Start of Source material

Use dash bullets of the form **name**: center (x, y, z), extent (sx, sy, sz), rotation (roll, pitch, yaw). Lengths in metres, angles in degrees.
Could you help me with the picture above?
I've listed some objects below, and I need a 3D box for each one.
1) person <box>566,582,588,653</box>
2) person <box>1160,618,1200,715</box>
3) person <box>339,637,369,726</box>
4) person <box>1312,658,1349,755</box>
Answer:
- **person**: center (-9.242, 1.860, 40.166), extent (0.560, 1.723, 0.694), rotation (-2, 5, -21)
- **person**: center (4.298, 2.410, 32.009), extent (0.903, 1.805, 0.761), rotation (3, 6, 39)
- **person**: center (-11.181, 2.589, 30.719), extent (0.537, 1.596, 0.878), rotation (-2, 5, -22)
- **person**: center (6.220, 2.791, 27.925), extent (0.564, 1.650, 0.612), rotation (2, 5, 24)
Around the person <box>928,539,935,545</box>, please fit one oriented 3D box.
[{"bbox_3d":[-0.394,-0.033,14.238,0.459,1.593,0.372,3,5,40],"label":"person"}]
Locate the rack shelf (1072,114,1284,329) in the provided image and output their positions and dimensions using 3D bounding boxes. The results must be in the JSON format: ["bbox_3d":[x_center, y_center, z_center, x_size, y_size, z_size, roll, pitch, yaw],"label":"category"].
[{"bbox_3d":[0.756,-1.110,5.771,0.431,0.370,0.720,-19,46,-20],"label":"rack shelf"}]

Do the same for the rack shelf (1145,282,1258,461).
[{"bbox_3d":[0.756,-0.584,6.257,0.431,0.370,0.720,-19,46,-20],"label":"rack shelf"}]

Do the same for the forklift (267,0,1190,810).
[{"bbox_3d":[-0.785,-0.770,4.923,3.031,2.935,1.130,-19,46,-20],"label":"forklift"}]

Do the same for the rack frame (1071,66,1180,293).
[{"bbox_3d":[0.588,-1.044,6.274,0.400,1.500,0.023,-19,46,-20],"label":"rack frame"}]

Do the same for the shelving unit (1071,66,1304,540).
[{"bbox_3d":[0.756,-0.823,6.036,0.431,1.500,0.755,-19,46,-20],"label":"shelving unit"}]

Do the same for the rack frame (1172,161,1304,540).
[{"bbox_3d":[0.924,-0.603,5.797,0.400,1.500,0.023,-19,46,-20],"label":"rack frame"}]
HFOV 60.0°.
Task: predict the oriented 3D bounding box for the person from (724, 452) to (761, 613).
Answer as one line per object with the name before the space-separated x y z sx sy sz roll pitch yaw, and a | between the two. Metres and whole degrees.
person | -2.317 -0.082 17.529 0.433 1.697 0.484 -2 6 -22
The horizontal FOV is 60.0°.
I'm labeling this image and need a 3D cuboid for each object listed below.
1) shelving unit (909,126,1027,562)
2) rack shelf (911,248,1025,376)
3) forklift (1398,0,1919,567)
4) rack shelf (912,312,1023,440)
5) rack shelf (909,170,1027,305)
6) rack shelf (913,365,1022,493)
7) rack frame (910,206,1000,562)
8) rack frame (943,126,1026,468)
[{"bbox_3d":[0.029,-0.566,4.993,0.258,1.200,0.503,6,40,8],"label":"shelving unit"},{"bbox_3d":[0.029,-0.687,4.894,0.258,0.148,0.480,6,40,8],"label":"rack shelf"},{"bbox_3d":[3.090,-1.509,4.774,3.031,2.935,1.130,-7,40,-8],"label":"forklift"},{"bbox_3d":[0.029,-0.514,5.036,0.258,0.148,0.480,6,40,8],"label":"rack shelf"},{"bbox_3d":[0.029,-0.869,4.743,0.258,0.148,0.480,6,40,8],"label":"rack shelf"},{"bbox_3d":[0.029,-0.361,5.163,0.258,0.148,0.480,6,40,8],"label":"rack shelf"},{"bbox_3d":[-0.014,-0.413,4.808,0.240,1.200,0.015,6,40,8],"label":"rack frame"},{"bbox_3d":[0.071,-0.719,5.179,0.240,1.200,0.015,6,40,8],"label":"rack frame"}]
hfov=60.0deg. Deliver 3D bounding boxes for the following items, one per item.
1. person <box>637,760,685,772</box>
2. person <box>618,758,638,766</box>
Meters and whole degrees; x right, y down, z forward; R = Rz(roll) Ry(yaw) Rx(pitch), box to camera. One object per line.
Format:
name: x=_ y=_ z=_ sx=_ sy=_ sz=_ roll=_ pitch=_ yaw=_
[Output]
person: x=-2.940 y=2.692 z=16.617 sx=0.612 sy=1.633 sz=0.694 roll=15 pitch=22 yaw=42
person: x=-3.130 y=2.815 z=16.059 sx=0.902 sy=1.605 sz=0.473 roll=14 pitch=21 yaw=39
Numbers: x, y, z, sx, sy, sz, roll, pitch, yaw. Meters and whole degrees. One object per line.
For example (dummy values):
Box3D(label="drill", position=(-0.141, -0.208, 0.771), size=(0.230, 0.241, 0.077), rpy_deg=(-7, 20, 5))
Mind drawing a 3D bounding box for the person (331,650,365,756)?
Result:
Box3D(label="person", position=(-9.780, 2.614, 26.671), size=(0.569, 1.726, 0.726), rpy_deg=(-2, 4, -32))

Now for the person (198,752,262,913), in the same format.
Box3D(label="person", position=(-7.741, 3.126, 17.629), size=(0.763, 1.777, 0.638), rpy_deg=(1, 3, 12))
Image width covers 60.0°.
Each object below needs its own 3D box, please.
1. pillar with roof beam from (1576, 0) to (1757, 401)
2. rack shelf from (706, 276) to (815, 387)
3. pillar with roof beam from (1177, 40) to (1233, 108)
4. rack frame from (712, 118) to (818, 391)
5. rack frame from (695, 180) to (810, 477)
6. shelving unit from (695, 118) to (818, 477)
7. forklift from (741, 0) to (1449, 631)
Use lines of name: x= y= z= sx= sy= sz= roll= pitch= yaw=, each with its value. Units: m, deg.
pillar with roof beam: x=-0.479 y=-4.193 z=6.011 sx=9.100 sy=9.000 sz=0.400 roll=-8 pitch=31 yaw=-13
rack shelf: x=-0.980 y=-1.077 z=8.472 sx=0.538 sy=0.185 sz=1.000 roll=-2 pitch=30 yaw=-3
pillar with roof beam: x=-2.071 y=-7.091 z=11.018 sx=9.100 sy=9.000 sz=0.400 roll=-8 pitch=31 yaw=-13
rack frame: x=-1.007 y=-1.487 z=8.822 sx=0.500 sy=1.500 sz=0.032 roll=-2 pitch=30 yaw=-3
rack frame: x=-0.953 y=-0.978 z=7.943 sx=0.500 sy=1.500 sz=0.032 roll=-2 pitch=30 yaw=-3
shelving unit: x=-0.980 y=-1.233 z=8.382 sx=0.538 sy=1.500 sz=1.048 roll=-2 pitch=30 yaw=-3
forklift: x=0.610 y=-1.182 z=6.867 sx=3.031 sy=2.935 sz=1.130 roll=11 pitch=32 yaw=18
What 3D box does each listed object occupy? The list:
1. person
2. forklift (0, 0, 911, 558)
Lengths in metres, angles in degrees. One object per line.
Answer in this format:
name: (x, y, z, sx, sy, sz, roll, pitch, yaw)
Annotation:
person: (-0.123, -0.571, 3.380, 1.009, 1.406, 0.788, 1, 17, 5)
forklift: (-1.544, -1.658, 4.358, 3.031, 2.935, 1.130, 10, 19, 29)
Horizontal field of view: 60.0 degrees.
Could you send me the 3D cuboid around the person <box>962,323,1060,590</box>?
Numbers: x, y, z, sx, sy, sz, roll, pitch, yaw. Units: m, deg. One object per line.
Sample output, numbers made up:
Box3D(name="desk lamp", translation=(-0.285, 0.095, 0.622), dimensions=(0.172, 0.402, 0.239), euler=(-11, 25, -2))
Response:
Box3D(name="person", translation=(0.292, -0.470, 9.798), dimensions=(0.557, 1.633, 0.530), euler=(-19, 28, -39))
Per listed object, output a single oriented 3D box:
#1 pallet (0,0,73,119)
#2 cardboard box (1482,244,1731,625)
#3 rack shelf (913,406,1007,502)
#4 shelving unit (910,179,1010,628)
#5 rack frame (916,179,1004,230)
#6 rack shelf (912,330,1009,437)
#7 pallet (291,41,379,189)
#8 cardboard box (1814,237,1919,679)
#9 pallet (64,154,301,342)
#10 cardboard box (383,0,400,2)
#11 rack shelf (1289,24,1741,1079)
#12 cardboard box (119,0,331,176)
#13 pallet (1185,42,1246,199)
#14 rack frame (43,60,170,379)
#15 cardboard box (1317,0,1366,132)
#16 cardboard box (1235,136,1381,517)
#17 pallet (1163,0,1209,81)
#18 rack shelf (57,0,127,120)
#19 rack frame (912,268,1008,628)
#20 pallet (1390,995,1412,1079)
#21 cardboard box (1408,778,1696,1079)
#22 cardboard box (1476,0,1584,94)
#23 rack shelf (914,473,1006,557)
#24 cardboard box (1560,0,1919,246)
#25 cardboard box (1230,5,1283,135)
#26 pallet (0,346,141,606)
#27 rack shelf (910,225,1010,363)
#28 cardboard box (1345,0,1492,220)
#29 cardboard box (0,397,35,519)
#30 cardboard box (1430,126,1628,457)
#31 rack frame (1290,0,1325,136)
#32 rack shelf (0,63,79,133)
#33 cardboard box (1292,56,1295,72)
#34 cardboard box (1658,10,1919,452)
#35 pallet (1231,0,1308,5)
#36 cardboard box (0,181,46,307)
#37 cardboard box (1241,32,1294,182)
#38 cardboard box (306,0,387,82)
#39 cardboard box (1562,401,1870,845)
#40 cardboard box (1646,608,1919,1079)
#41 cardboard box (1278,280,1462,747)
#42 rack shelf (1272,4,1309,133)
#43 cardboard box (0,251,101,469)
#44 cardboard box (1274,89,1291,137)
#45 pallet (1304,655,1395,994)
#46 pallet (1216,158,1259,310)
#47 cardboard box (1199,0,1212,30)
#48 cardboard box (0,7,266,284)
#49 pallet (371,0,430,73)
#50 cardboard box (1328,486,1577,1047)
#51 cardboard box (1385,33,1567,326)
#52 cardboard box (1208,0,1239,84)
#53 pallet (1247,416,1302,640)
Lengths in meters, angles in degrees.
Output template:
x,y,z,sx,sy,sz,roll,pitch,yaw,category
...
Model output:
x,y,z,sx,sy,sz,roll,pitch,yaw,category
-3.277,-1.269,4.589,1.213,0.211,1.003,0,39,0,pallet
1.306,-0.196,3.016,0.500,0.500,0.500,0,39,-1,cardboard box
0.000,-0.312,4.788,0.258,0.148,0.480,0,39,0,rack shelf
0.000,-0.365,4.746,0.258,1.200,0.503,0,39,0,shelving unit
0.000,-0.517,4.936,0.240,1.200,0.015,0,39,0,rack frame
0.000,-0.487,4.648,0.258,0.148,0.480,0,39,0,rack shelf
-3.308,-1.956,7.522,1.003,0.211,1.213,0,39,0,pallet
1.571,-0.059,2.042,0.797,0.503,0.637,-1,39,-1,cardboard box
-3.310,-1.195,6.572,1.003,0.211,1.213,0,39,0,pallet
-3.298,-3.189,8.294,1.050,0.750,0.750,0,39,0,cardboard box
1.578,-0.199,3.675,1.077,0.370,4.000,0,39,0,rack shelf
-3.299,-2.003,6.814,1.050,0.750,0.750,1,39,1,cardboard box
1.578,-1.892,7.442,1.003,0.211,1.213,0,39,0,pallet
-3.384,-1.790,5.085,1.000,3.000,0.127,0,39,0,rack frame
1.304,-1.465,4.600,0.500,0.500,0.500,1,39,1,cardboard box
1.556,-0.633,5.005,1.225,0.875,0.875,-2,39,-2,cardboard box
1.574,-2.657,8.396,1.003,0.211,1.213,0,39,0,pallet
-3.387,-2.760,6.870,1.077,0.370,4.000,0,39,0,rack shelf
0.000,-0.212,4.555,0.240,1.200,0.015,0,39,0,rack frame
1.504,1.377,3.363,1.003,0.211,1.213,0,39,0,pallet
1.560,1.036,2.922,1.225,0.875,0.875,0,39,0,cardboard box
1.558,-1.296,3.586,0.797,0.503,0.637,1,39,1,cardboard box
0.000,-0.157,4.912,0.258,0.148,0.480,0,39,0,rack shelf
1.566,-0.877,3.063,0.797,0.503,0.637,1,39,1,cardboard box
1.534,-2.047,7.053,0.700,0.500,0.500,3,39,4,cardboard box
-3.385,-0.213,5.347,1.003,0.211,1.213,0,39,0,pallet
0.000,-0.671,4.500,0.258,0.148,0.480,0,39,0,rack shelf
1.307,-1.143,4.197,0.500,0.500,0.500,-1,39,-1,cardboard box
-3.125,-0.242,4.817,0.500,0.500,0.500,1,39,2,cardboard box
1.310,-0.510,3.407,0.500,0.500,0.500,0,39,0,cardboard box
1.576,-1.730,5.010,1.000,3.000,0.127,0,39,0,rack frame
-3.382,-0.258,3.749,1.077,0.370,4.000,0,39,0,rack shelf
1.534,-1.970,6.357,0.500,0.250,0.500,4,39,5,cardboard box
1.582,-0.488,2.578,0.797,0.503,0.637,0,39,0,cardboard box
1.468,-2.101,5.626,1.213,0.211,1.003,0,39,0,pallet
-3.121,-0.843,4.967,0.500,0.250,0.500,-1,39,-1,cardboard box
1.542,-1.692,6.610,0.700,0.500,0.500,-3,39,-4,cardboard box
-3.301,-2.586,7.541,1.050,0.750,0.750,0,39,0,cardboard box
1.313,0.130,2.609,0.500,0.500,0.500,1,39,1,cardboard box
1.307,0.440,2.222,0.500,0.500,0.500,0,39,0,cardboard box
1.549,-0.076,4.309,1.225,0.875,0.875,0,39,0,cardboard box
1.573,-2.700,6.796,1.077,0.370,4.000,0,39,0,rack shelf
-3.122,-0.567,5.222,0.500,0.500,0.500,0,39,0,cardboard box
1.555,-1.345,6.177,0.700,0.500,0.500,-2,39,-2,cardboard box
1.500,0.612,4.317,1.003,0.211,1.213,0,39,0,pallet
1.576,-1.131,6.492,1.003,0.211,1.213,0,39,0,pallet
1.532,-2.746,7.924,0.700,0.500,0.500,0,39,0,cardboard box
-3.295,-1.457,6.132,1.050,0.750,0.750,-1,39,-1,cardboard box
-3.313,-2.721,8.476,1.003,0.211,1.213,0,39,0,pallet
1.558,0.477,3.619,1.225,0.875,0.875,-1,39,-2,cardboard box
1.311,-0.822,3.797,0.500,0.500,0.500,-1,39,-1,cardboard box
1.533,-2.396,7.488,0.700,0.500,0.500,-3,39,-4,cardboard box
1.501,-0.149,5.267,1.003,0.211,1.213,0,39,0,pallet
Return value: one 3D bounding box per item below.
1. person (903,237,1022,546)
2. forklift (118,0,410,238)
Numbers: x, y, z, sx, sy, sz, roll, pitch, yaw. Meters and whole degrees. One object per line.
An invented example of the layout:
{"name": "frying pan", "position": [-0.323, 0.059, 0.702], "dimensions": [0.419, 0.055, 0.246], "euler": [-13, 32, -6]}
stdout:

End of Source material

**Task statement:** If a line of the data contains "this", copy it out.

**Task response:**
I'm labeling this image and need a 3D cuboid for each object listed below.
Answer in this format:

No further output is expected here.